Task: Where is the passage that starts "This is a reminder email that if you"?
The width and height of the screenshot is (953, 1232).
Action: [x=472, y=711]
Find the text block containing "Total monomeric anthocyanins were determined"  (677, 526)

--------

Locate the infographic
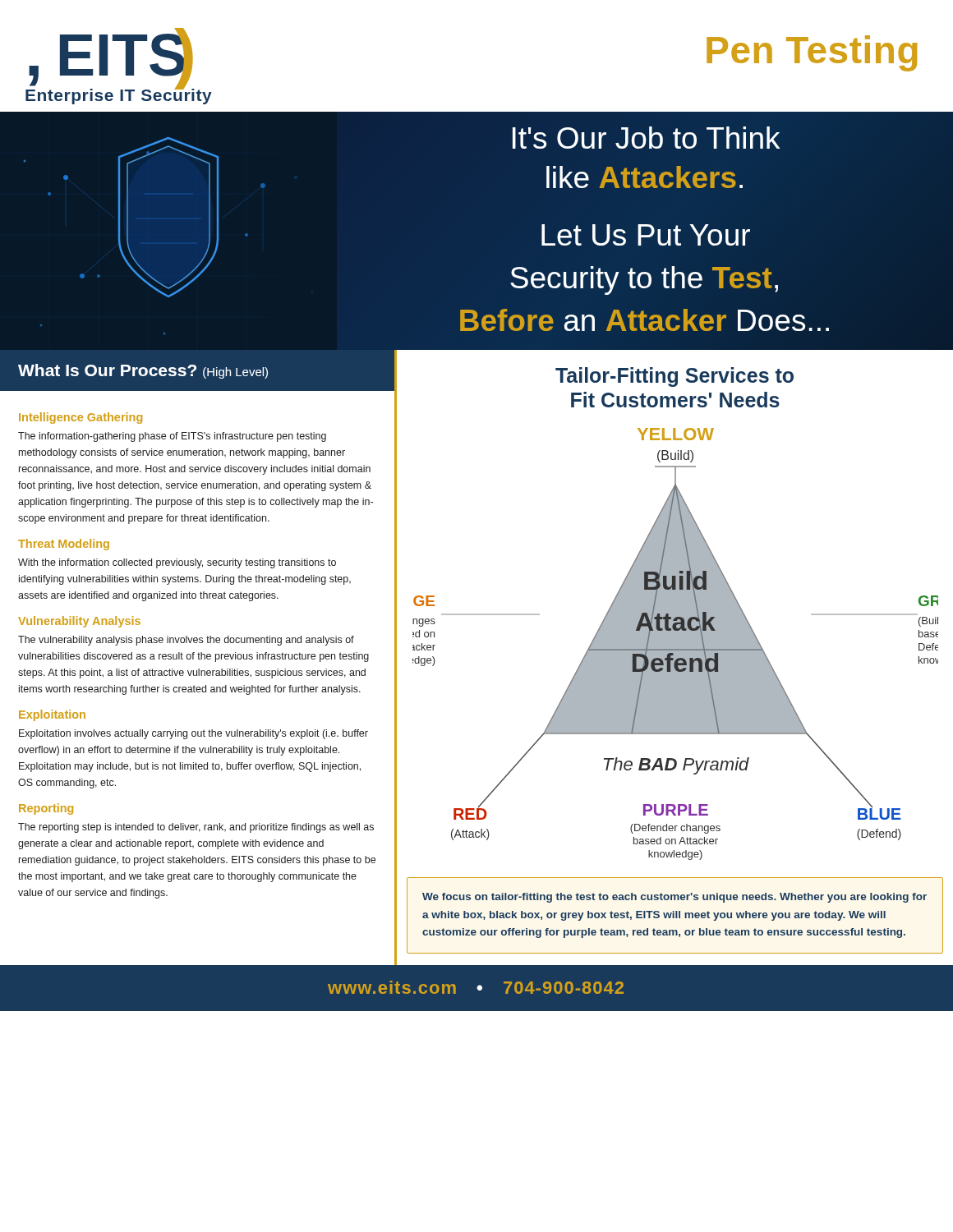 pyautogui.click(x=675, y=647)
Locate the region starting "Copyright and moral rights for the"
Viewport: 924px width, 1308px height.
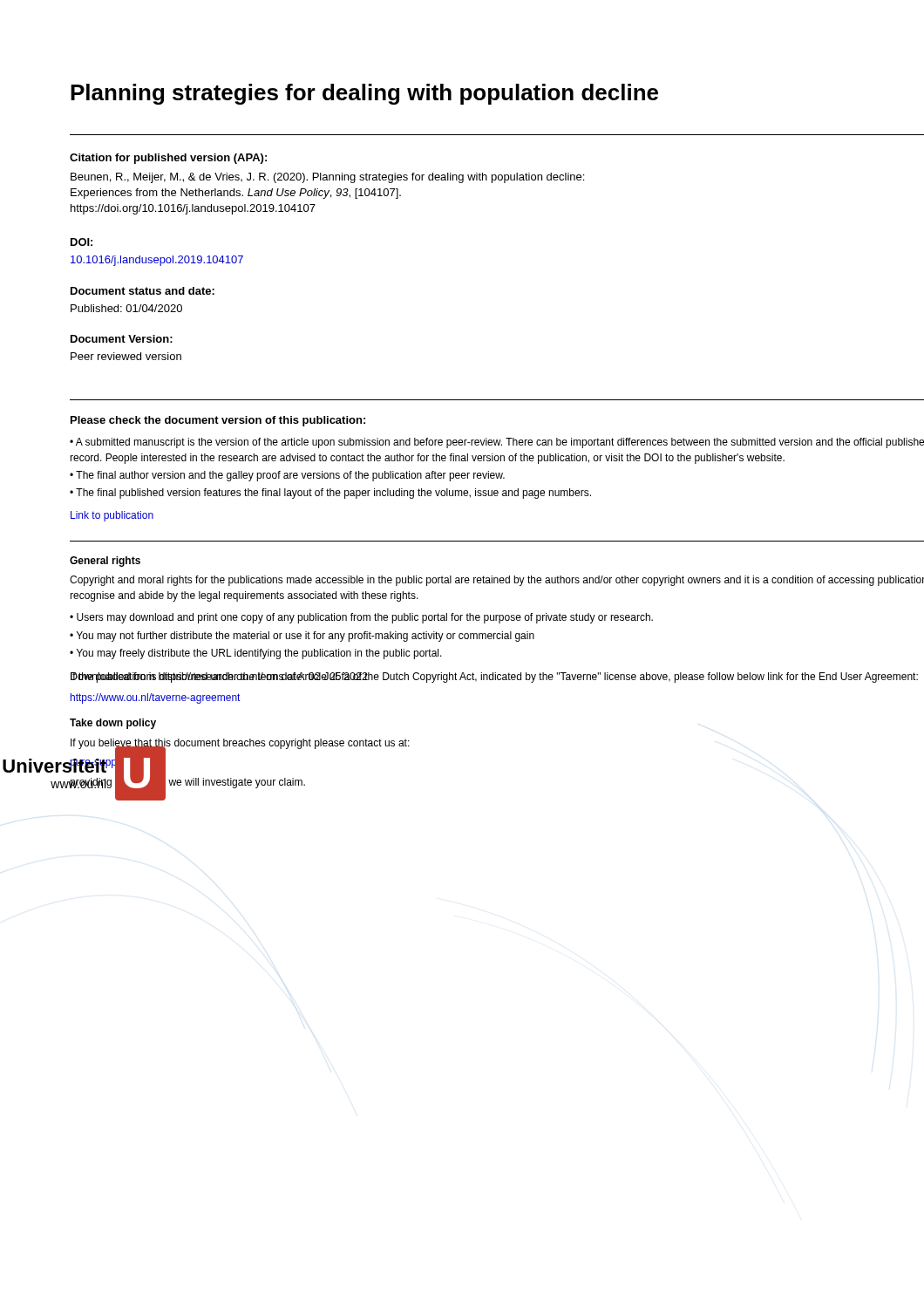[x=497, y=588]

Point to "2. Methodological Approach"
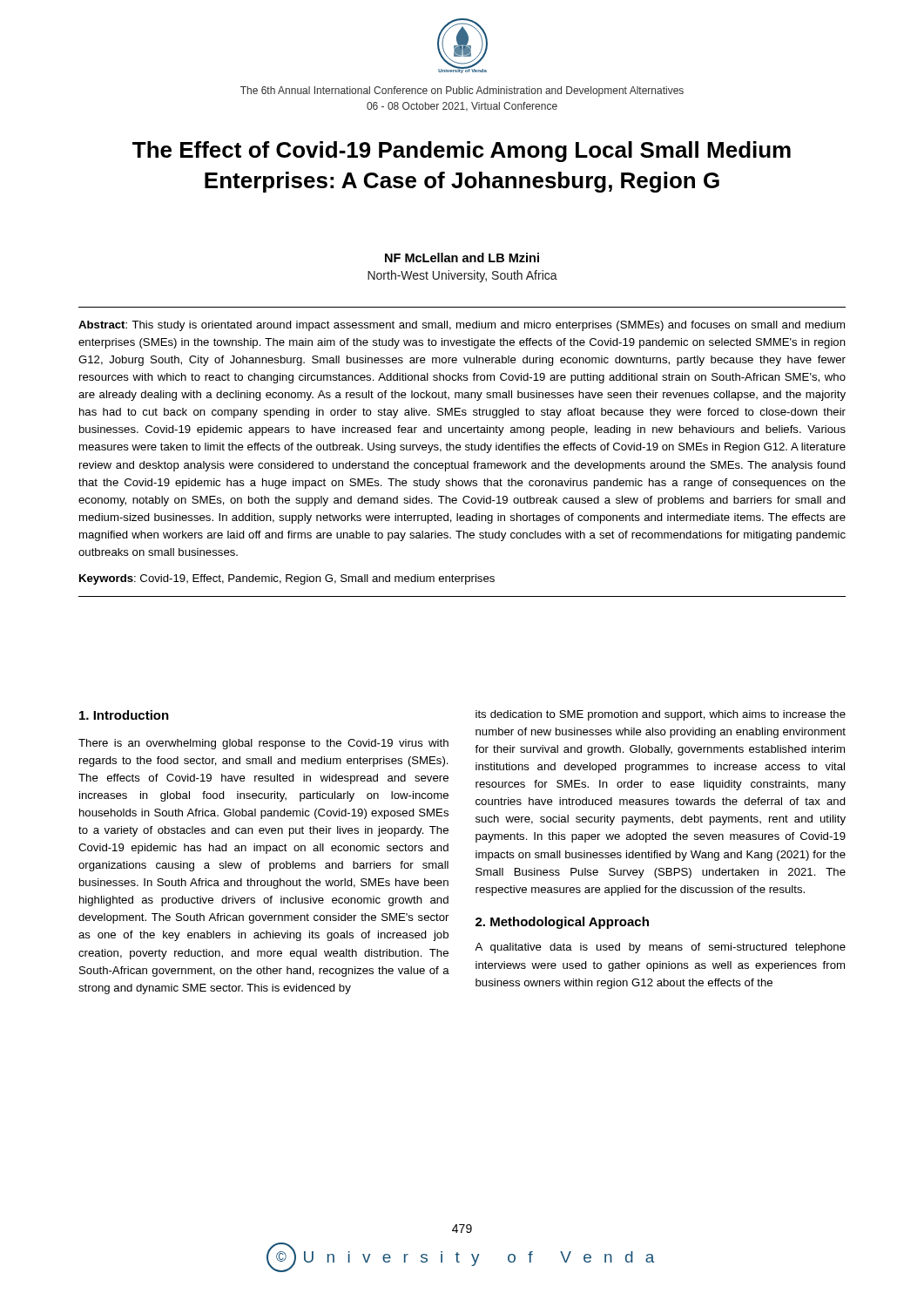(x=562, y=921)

--------

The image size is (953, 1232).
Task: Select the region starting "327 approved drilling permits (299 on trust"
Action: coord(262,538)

--------

● **Task description**:
Looking at the entries above, can you reproduce exactly the lines from the one that holds "Task: Where is" through the one that holds "Find the text", and only those?

● **Response below**:
Task: Where is the passage that starts "This is a reminder email that if you"?
The width and height of the screenshot is (953, 1232).
Action: [x=472, y=711]
Find the text block containing "Total monomeric anthocyanins were determined"  (677, 526)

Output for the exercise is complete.